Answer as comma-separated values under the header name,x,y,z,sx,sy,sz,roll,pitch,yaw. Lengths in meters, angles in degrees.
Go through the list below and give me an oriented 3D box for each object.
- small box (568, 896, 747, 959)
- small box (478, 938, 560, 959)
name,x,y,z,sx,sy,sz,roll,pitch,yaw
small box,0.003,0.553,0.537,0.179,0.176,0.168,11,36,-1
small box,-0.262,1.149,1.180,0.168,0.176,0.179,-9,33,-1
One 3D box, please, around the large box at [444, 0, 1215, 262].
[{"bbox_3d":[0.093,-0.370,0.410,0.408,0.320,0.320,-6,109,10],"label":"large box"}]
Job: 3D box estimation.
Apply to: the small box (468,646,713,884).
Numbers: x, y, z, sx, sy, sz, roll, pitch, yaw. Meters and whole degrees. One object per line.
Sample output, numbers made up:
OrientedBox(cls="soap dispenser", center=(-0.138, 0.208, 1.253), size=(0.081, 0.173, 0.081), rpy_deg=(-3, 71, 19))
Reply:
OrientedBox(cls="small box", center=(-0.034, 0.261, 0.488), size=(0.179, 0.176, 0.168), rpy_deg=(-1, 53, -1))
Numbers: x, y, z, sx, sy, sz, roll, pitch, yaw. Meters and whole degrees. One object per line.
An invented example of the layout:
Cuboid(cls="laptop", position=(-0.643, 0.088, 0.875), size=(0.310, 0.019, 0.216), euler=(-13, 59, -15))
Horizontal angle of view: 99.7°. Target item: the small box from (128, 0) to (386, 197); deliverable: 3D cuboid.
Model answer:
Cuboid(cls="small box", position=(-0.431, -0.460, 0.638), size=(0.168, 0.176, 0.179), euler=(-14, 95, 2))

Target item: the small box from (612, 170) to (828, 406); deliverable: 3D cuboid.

——

● Problem to work on
The required output is the stretch of entries above from the line containing "Job: 3D box estimation." through the line containing "rpy_deg=(-3, 71, 19))", reproduced exactly.

● Exercise result
Job: 3D box estimation.
Apply to: the small box (468,646,713,884).
Numbers: x, y, z, sx, sy, sz, roll, pitch, yaw. Meters and whole degrees. One object per line.
Sample output, numbers made up:
OrientedBox(cls="soap dispenser", center=(-0.138, 0.208, 1.253), size=(0.081, 0.173, 0.081), rpy_deg=(-3, 71, 19))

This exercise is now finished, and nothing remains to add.